|David Brian Stone leads the Hutaree militia, prosecutors say, and aimed to wage war against the US government.|
Christian militia group was poised to attack, prosecutor says
Apocalyptic beliefs at core, specialist says
DETROIT — It started inside a trailer home in rural Michigan, where a small family gathered before bed for prayer. Years later, the private devotions had evolved into a small militia of “Christian warriors’’ preparing to fight the antichrist.
The changes in David Brian Stone’s theology partly destroyed his marriage, his former wife says, and prosecutors claim they later led him to hatch a plot to kill police officers, which the militia hoped would touch off an uprising against the government.
“The time had come that we needed to arrest them and take them down,’’ US Attorney Barbara McQuade said yesterday.
Prosecutors believe Stone, 44, is the ringleader of the Hutaree militia, a name the group’s website says it created to mean Christian warrior. He was among eight members arrested during weekend raids in three Midwestern states. Federal officials said they had monitored the group since summer and learned they planned to launch their attack next month.
A ninth defendant — Stone’s son, Joshua Matthew Stone — turned himself in Monday after an hourslong standoff with FBI agents and police near a wooded area southwest of Detroit the group had used for training. He and the others face charges that include seditious conspiracy, or plotting to levy war against the United States.
Donna Stone, 44, said her former husband created the legal problems now faced by her stepson, Joshua Stone, and her 19-year-old son, David Brian Stone Jr., by involving them in a militia that grew out of his faith.
“I honestly feel, and think, their dad never told either of those boys what they were getting into,’’ she said. “This a bunch of garbage, these charges. There is no way my son would do these things.’’
Donna Stone said she met David Brian Stone in the late 1990s in a grocery superstore where she worked. Soon afterward, she and her son, Sean Stetten, moved into his small trailer in Lenawee County. The boys were raised as brothers, and David Brian Stone legally adopted Sean, whose name was changed to David Brian Stone Jr.

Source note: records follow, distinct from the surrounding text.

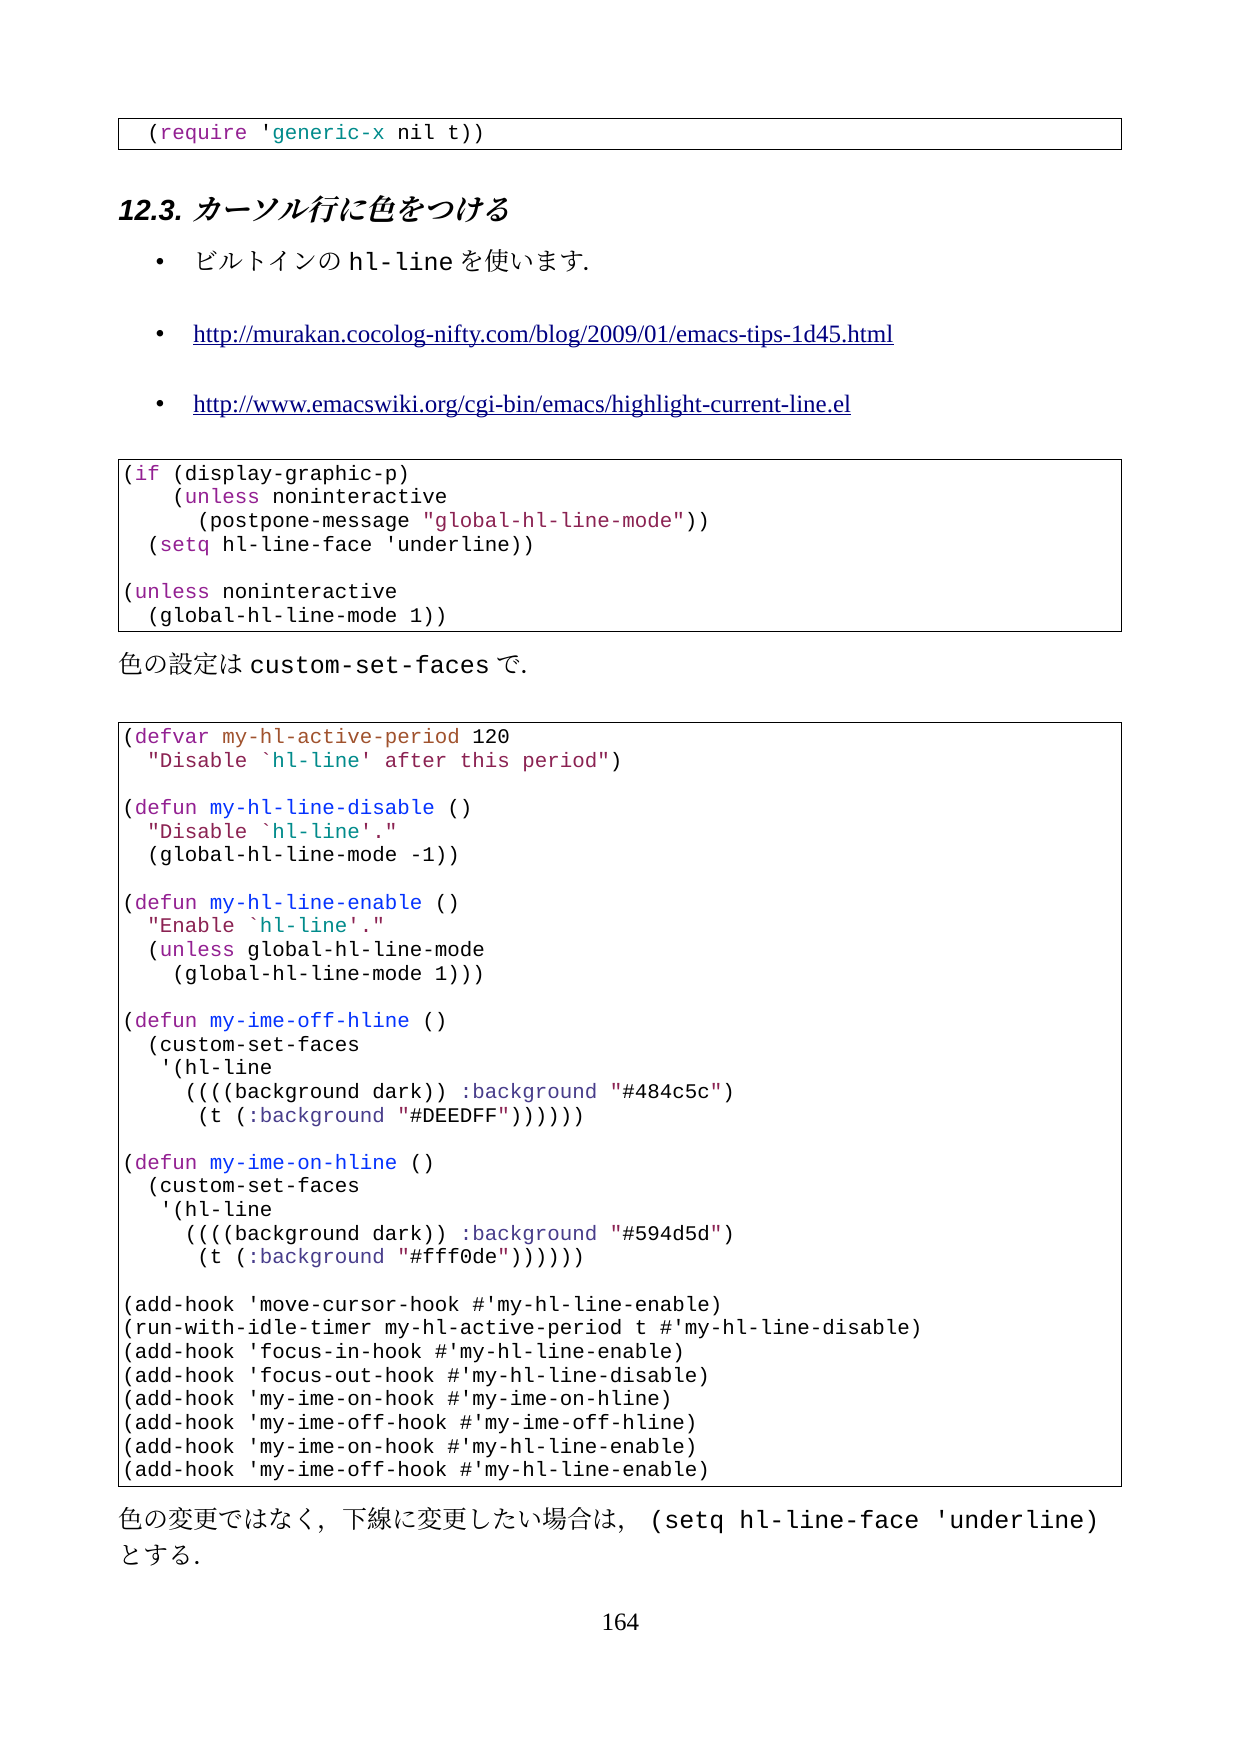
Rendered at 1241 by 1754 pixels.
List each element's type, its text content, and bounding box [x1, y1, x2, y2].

text (t (:background "#fff0de")))))) [119, 1242, 1121, 1266]
text (if (display-graphic-p) [119, 460, 1121, 483]
text 色の設定は custom-set-faces で． [118, 645, 1122, 710]
text (global-hl-line-mode 1)) [119, 601, 1121, 631]
text (add-hook 'my-ime-off-hook #'my-ime-off-hline) [119, 1408, 1121, 1432]
text (add-hook 'move-cursor-hook #'my-hl-line-enable) [119, 1290, 1121, 1313]
list http://murakan.cocolog-nifty.com/blog/2009/01/emacs-tips-1d45.html [156, 319, 1122, 376]
text (postpone-message "global-hl-line-mode")) [119, 506, 1121, 530]
text (add-hook 'focus-in-hook #'my-hl-line-enable) [119, 1337, 1121, 1361]
text (unless noninteractive [119, 577, 1121, 601]
text (unless noninteractive [119, 483, 1121, 506]
text (defun my-ime-on-hline () [119, 1148, 1121, 1172]
text "Disable `hl-line'." [119, 817, 1121, 841]
text (defun my-hl-line-disable () [119, 793, 1121, 817]
list ビルトインの hl-line を使います． [156, 241, 1122, 306]
text (setq hl-line-face 'underline)) [119, 530, 1121, 553]
text (require 'generic-x nil t)) [119, 119, 1121, 149]
list http://www.emacswiki.org/cgi-bin/emacs/highlight-current-line.el [156, 389, 1122, 446]
text (custom-set-faces [119, 1030, 1121, 1053]
text ((((background dark)) :background "#484c5c") [119, 1077, 1121, 1101]
text 色の変更ではなく，下線に変更したい場合は， (setq hl-line-face 'underline) とする． [118, 1499, 1122, 1571]
subtitle カーソル行に色をつける [118, 187, 1122, 229]
text (defvar my-hl-active-period 120 [119, 723, 1121, 746]
text (add-hook 'focus-out-hook #'my-hl-line-disable) [119, 1361, 1121, 1384]
text (global-hl-line-mode 1))) [119, 959, 1121, 982]
text "Enable `hl-line'." [119, 911, 1121, 935]
text '(hl-line [119, 1053, 1121, 1077]
text (t (:background "#DEEDFF")))))) [119, 1101, 1121, 1124]
text ((((background dark)) :background "#594d5d") [119, 1219, 1121, 1242]
text (run-with-idle-timer my-hl-active-period t #'my-hl-line-disable) [119, 1313, 1121, 1337]
text "Disable `hl-line' after this period") [119, 746, 1121, 769]
text (add-hook 'my-ime-on-hook #'my-hl-line-enable) [119, 1432, 1121, 1455]
text (custom-set-faces [119, 1172, 1121, 1195]
text (defun my-ime-off-hline () [119, 1006, 1121, 1030]
text '(hl-line [119, 1195, 1121, 1219]
text (global-hl-line-mode -1)) [119, 841, 1121, 864]
text (defun my-hl-line-enable () [119, 888, 1121, 911]
text (add-hook 'my-ime-on-hook #'my-ime-on-hline) [119, 1384, 1121, 1408]
text (add-hook 'my-ime-off-hook #'my-hl-line-enable) [119, 1455, 1121, 1486]
text (unless global-hl-line-mode [119, 935, 1121, 959]

Both boys were home-schooled. At night, the family would pray together.
“David would preach out of the Bible,’’ said Donna Stone, who said she was married to David Brian Stone for about six years. “He would start at the beginning of Genesis and go to Revelations. He didn’t get into Revelations because we didn’t agree on it. David said it was supposed to be different. He had his own views. That’s when I thought it was time for me to go.’’

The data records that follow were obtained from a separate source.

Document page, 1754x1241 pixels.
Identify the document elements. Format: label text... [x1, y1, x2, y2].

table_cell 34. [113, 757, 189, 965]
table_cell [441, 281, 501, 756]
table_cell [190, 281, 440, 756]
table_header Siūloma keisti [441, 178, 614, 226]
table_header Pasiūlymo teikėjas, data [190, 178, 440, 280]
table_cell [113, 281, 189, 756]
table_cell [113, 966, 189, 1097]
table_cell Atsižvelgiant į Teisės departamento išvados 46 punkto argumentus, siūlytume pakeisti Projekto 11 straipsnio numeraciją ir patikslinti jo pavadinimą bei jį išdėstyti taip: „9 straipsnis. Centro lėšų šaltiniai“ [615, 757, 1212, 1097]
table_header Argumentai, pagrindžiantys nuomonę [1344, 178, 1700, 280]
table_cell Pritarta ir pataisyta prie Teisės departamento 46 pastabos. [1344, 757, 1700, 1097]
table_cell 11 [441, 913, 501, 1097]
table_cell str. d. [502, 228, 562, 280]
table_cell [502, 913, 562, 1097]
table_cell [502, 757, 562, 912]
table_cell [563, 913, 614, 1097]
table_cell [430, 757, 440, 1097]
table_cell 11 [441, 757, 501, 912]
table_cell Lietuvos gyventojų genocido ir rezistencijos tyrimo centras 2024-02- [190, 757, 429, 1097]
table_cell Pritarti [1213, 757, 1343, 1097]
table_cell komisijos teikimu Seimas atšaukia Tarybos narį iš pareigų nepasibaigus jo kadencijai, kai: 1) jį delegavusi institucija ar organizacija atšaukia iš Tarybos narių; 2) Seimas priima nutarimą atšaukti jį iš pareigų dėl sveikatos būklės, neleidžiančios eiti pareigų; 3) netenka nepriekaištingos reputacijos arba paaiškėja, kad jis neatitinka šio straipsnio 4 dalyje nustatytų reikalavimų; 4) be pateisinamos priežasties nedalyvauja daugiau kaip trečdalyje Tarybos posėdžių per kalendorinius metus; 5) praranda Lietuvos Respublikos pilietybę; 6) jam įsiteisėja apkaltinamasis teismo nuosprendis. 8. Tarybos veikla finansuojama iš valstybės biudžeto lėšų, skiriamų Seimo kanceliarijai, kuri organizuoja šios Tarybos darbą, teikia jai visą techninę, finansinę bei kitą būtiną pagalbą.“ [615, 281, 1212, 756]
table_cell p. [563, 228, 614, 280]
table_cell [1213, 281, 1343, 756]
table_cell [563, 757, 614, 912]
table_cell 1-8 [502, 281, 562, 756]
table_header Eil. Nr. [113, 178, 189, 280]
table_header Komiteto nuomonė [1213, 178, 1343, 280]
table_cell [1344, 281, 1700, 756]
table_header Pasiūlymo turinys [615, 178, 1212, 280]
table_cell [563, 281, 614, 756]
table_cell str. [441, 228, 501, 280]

The Hutaree website declares: “We believe that one day, as prophecy says, there will be an Anti-Christ. . . . Jesus wanted us to be ready to defend ourselves using the sword and stay alive using equipment.’’
Chip Berlet, a senior analyst with Political Research Associates, a think tank in Somerville, Mass., said Hutaree’s online writings suggest the group espouses a Christian apocalyptic ideology and believes the government is “in league with Satan’’ and “the chief agent of Satan is the antichrist.’’
“In this particular reading of apocalyptic prophecy, there’s a huge battle between good and evil,’’ said Berlet, whose group studies right-wing extremists. “Powerful, political elected officials . . . are conspiring with Satan to build a one-world government.’’
McQuade downplayed the role religious ideology played in the group’s alleged plans. Prosecutors have said the militia planned to make a false 911 call, kill responding police officers, and then detonate a bomb to kill many more officers at the funeral.
“What we were focused on here is their conduct, not on their religion,’’ McQuade said.
“And what they have talked about is being very antigovernment. They fear this ‘new world order,’ and they thought that it was their job to fight against government — the federal government, in particular.’’
The group was preparing to carry out an attack sometime in April, prosecutors said, after months of paramilitary training that began in 2008. Authorities seized guns in the raids but would not say whether they found explosives.
FBI officials see little chance the arrests will spur other anti-government extremists to launch attacks.
The agency issued a bulletin to police departments saying it had picked up other militia groups’ Internet chatter — including some that expressed sympathy for the suspects — but few signs of criminal copycats.